On April 20, 2015, the Federal Circuit affirmed decision refusing registration of the mark “THE SLANTS” over appellant’s objections that the mark is not disparaging and that the refusal to register violates the First Amendment.

Disparagement Analysis of 15 U.S.C. sec. 1052(a):  The proposed mark was disparaging under the In re Geller, 751 F.3d 135 (Fed. Cir. 2014) analysis, which determines (1) the likely meaning of the matter in question, and (2) whether the meaning may be disparaging to a substantial composite of the referenced group.  As a threshold matter, it was not improper for the examiner to use evidence outside the record of the trademark application.

Under the “likely meaning” prong, the evidence, including dictionary definitions and the applicant’s use of THE SLANTS in the market (including a stylized image of THE SLANTS against “a depiction of an Asian woman, utilizing rising sun imagery and using a stylized dragon image”), supported the Board’s determination that the mark likely refers to people of Asian descent.  Moreover, evidence from dictionaries and brochures referring to “slant” as derogatory, demeaning, and offensive was sufficient to determine that THE SLANTS was disparaging to a substantial composite of Asians.

Constitutionality of 15 U.S.C. sec. 1052(a):  Federal Circuit denied Mr. Tam’s First Amendment challenge to the constitutionality of sec. 2(a).  Under In re McGinley, 660 F.2d 481 (C.C.P.A. 1981), “refusal to register a mark has no bearing on the applicant’s ability to use the mark . . . sec. 1052(a) does not implicate the First Amendment rights of trademark applicants.”  Federal Circuit also determined that sec. 2(a), through application of the Geller test, was not unconstitutionally vague and that Mr. Tam’s due process and equal protection rights were not violated.

Additional Views (J. Moore):  Judge Moore believes that sec. 2(a) violates the First Amendment and that McGinley should be revisited.  In her view, (1) trademarks are protected commercial speech and (2) sec. 2(a)’s content-based restrictions on registerability have a chilling effect on speech.  Further, Judge Moore suggests that the government has not presented any substantial government interest to justify the PTO’s refusal to register disparaging marks.  As such, her view is that sec. 2(a) cannot satisfy the Supreme Court’s Central Hudson framework for determining the constitutionality of commercial speech restrictions.

NOTE:  On April 27, 2015, the Federal Circuit sua sponte decided to consider en banc whether the statutory bar on registering disparaging marks violates the First Amendment.

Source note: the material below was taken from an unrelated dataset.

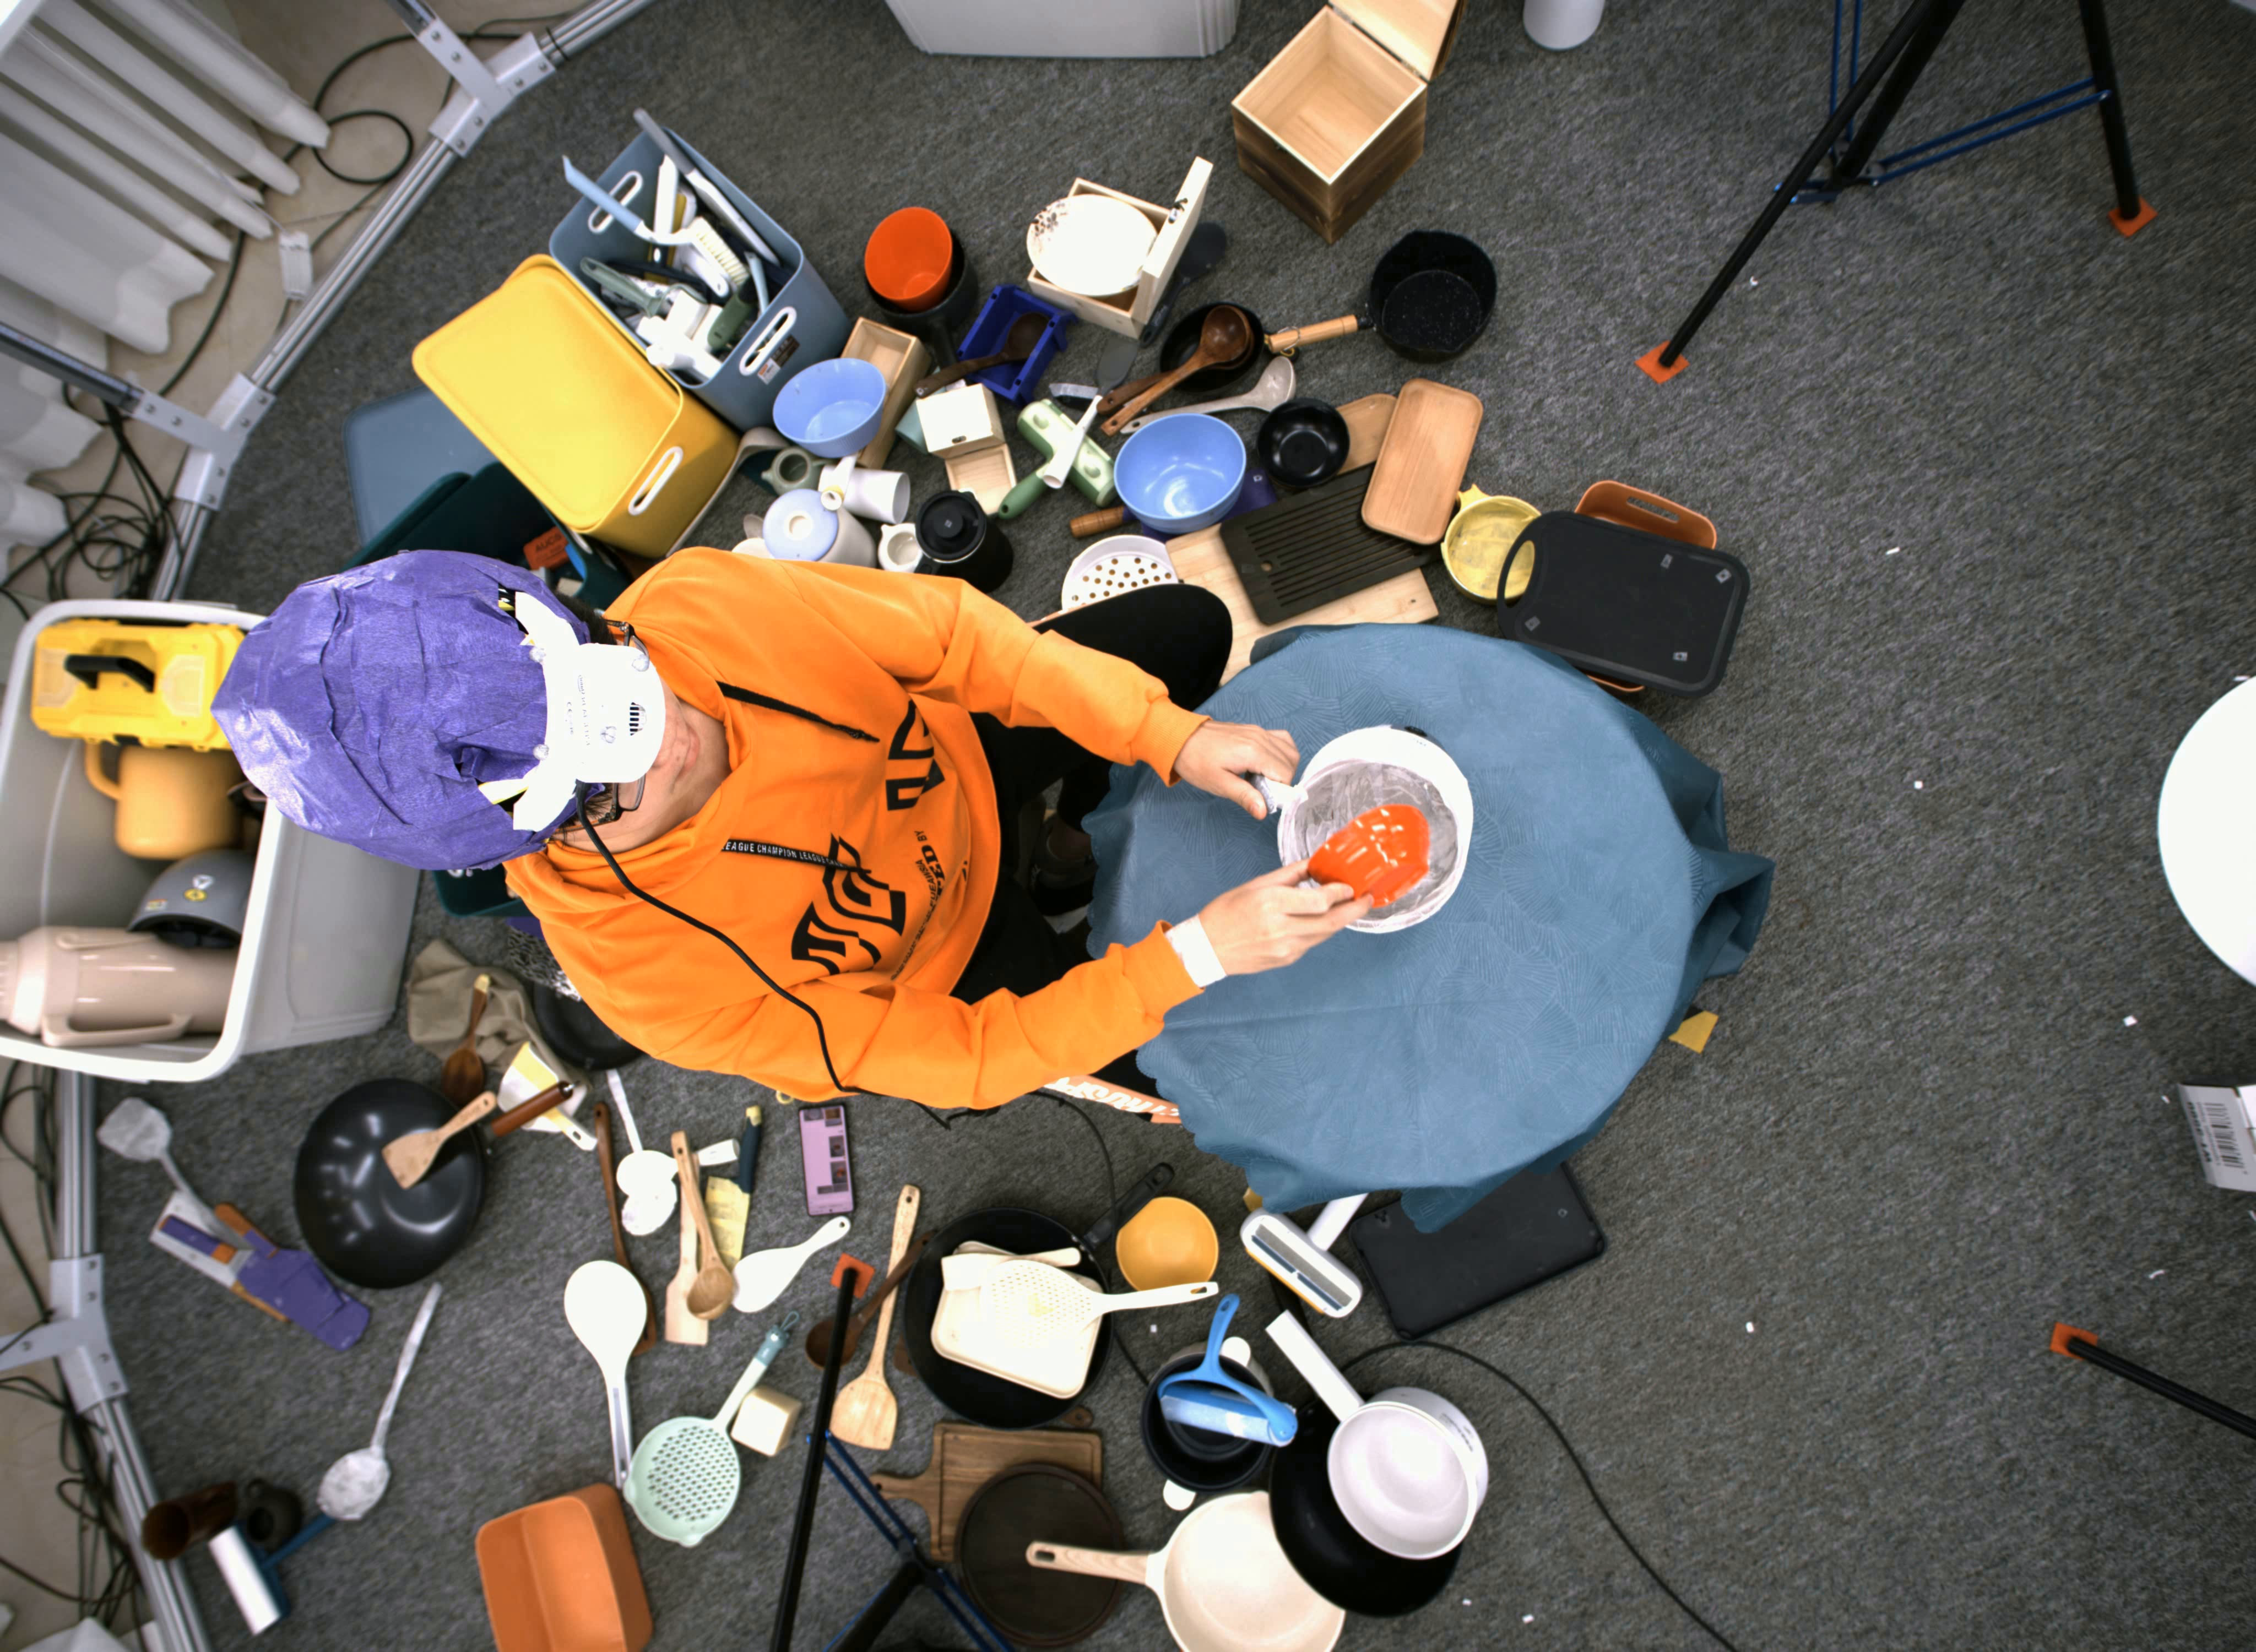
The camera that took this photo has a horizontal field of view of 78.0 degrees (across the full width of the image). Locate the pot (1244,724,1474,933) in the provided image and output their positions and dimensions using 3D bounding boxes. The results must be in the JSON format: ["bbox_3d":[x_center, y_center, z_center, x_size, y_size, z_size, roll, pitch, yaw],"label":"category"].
[{"bbox_3d":[0.219,-0.012,1.347,0.234,0.134,0.182,20,114,10],"label":"pot"}]

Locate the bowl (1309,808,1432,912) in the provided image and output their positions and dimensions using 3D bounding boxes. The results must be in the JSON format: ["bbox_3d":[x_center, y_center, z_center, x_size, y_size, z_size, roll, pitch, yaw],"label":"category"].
[{"bbox_3d":[0.225,0.036,1.232,0.119,0.120,0.050,-29,64,6],"label":"bowl"}]

Authors: Cherylyn Esoy Mizzo, Adam Shartzer

The opinions expressed are those of the authors on the date noted above and do not necessarily reflect the views of Fish & Richardson P.C., any other of its lawyers, its clients, or any of its or their respective affiliates. This post is for general information purposes only and is not intended to be and should not be taken as legal advice. No attorney-client relationship is formed.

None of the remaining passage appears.